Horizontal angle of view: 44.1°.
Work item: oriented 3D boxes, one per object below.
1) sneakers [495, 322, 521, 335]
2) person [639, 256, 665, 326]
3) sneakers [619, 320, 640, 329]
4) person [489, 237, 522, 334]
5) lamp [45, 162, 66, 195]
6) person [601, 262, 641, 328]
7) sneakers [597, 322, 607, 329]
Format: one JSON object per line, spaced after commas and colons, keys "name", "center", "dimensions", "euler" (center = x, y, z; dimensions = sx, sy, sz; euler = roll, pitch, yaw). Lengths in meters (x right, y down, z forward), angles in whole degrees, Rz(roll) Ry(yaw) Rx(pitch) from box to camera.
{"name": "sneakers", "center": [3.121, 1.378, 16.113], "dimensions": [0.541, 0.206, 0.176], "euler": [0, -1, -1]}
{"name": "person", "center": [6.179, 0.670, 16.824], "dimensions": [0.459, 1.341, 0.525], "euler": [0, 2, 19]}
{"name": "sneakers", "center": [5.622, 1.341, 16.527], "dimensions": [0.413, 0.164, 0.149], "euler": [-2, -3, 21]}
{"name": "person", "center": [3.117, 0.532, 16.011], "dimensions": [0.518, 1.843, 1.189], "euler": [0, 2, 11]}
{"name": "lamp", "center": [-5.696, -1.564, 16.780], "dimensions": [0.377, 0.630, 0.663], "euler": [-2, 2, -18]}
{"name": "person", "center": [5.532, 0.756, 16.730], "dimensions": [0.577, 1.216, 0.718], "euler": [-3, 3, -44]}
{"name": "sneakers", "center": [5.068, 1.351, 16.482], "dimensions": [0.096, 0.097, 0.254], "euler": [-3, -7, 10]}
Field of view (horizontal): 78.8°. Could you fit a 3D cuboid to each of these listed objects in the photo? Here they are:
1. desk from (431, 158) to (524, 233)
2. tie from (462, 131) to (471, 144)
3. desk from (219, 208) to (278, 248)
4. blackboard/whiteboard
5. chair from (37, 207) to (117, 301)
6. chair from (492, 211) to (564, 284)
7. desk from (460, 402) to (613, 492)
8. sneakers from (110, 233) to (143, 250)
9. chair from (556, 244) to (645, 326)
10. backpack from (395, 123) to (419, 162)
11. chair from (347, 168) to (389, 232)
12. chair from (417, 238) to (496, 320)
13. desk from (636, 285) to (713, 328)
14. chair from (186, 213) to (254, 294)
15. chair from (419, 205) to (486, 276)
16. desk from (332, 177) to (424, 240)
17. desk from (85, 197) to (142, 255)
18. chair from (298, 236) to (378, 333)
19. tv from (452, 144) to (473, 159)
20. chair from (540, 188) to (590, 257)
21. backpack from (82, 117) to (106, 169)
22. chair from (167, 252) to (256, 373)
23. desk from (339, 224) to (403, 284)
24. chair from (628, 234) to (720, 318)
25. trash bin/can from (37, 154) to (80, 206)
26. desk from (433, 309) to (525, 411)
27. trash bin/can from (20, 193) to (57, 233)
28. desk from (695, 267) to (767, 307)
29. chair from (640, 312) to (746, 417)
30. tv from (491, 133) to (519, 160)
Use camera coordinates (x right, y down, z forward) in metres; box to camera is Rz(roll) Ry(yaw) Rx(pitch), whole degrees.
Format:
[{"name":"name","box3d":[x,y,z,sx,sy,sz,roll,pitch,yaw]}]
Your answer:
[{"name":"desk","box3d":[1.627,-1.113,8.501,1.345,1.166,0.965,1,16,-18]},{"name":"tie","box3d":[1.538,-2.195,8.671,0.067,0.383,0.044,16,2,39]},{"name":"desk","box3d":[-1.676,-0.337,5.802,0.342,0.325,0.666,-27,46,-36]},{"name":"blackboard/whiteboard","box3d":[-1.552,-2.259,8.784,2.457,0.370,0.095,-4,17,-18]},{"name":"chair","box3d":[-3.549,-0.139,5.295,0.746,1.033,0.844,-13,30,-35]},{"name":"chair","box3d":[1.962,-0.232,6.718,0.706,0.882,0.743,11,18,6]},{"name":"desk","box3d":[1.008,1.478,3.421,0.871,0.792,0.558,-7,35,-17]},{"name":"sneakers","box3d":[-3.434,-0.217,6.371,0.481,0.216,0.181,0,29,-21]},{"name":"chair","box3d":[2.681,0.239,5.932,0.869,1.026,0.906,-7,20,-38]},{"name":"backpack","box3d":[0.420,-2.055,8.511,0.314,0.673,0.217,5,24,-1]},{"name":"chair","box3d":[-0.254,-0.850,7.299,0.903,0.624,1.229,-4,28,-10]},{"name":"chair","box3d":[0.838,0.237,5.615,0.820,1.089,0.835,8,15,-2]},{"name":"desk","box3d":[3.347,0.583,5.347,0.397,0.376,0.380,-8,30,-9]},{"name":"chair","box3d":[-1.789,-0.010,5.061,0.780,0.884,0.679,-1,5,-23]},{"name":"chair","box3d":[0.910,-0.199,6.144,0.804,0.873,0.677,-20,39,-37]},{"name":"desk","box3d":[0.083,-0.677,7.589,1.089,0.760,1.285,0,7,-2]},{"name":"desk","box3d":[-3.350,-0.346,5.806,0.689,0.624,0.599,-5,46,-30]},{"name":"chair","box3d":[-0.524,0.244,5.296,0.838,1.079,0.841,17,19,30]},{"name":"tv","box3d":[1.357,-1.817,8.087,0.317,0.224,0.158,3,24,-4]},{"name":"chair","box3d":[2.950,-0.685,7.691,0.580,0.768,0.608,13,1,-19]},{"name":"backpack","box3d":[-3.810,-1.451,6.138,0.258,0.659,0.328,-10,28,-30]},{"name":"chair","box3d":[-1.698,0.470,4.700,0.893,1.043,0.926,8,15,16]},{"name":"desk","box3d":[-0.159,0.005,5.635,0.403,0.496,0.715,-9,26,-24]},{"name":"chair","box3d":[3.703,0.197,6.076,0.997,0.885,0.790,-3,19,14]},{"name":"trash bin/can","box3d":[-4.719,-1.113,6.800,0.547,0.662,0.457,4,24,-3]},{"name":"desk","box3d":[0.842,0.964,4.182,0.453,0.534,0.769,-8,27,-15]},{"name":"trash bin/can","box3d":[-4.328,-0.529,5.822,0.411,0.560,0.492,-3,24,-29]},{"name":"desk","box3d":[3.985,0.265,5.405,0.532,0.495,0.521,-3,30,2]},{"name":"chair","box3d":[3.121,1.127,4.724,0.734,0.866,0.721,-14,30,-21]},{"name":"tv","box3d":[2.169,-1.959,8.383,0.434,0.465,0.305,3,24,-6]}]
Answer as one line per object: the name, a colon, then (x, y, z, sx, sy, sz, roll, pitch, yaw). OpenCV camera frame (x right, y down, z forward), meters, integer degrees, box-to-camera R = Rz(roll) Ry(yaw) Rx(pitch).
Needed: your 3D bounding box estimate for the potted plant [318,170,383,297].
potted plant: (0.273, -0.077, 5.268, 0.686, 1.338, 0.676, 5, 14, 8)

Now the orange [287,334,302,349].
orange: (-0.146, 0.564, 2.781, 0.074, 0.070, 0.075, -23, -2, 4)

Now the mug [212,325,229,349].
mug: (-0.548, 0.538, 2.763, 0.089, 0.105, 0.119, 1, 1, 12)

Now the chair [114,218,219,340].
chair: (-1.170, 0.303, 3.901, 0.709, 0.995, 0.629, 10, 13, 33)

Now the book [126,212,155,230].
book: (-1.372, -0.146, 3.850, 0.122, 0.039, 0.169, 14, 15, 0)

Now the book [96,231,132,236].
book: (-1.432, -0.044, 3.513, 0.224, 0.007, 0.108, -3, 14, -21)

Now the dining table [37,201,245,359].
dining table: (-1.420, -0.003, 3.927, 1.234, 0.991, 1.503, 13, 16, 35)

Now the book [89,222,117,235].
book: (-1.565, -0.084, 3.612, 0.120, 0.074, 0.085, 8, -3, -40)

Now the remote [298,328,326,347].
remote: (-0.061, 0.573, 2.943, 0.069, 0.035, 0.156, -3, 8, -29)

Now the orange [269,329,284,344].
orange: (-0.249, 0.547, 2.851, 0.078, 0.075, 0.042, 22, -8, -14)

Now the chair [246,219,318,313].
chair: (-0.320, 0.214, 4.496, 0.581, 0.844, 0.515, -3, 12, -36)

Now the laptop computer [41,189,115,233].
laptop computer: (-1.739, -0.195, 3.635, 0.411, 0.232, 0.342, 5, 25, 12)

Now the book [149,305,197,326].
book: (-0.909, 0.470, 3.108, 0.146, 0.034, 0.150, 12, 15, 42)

——

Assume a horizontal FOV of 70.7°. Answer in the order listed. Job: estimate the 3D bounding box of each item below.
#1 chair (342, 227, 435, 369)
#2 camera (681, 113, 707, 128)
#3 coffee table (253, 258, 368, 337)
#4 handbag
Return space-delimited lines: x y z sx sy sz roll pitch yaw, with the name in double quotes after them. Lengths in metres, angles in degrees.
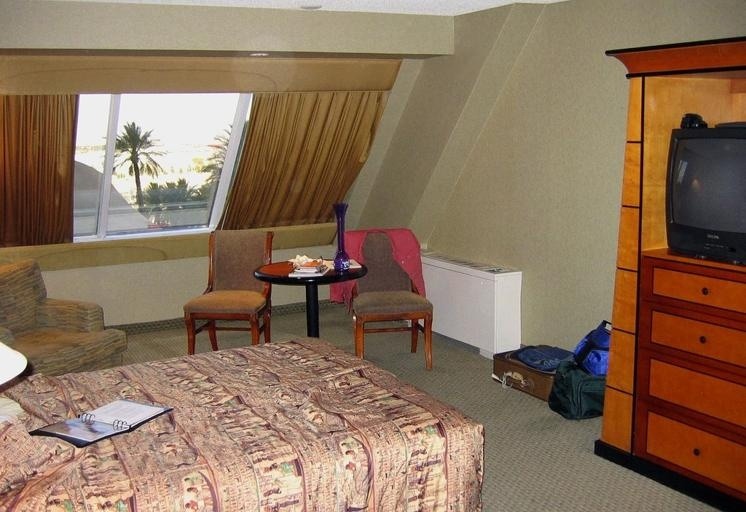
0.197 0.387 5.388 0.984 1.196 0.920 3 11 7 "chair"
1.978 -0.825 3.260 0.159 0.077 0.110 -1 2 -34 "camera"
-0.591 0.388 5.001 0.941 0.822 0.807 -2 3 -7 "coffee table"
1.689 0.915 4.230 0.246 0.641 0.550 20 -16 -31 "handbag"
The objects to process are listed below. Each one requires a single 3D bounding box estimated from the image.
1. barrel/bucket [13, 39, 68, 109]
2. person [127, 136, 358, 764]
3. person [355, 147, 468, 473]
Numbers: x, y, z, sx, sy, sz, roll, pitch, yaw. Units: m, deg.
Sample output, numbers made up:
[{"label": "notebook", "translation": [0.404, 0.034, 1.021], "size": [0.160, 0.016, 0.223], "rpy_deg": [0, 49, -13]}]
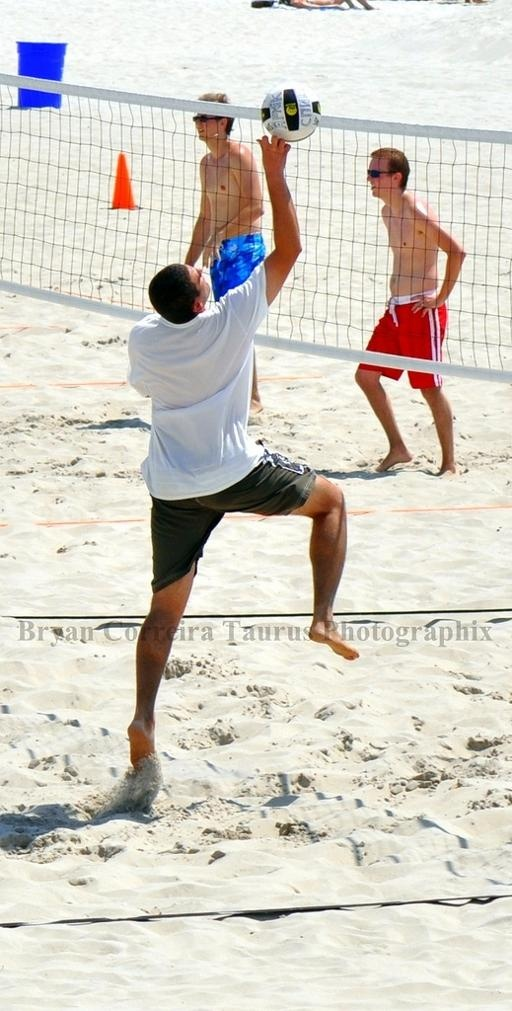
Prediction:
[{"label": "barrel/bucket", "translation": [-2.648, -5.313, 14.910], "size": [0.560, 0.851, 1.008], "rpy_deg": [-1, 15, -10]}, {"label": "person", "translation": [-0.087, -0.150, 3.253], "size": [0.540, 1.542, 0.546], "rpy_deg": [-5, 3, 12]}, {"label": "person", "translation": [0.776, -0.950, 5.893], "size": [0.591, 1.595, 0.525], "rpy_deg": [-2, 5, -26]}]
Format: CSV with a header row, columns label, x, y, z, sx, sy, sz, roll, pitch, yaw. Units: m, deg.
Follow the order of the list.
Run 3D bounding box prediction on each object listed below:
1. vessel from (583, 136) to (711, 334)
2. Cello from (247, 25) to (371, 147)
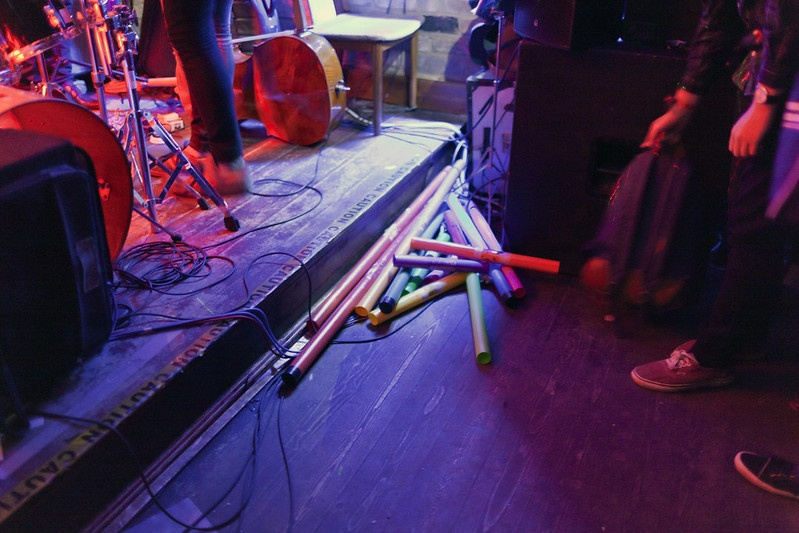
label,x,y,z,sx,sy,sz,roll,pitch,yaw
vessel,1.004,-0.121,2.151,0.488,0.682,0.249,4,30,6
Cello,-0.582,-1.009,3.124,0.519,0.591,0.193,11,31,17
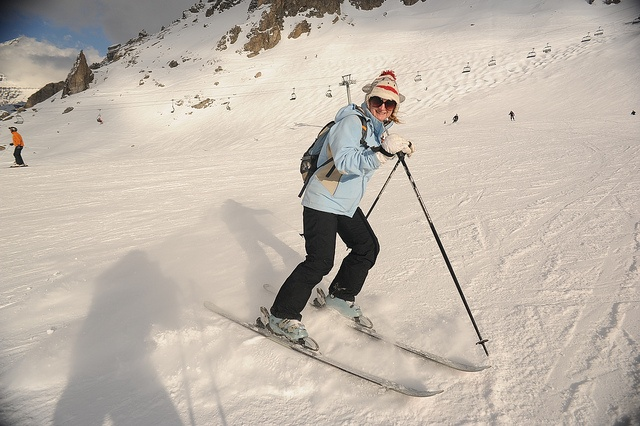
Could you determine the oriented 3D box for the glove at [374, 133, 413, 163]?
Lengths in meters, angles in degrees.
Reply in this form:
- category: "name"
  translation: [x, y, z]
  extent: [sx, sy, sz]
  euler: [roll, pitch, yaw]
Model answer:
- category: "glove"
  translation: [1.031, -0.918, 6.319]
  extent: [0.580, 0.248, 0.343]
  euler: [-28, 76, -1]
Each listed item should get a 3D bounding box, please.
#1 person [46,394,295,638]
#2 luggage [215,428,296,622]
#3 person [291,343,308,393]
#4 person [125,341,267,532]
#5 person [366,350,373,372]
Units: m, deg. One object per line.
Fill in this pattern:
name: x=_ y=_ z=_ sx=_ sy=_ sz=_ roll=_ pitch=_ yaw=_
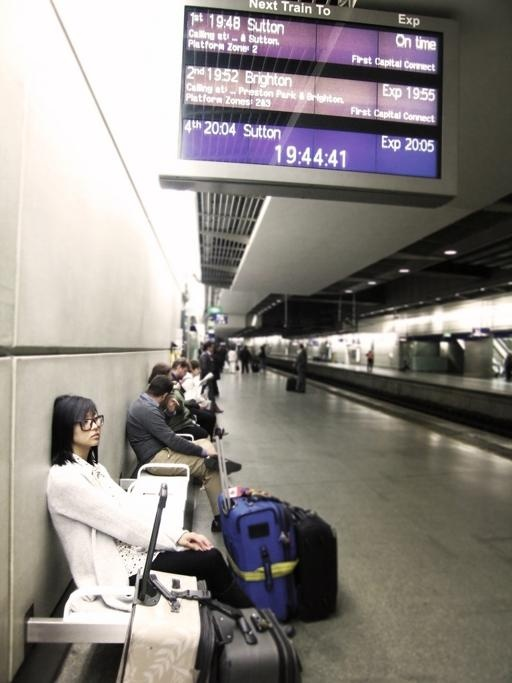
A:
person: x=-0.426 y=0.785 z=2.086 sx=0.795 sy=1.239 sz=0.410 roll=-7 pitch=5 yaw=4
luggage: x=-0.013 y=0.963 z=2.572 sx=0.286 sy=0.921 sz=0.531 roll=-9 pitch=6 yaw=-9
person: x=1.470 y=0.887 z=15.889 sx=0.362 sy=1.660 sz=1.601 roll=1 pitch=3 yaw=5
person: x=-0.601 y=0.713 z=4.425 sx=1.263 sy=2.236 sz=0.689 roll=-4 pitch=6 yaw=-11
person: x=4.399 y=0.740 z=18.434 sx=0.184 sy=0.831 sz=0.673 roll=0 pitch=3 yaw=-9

——

• [PROBLEM TO WORK ON] Go through the material above and copy each line that holds the string "oriented".

• [ANSWER SECTION]
Work item: oriented 3D boxes, one per object below.
Could you determine the oriented 3D box for the glove at [374, 133, 413, 163]?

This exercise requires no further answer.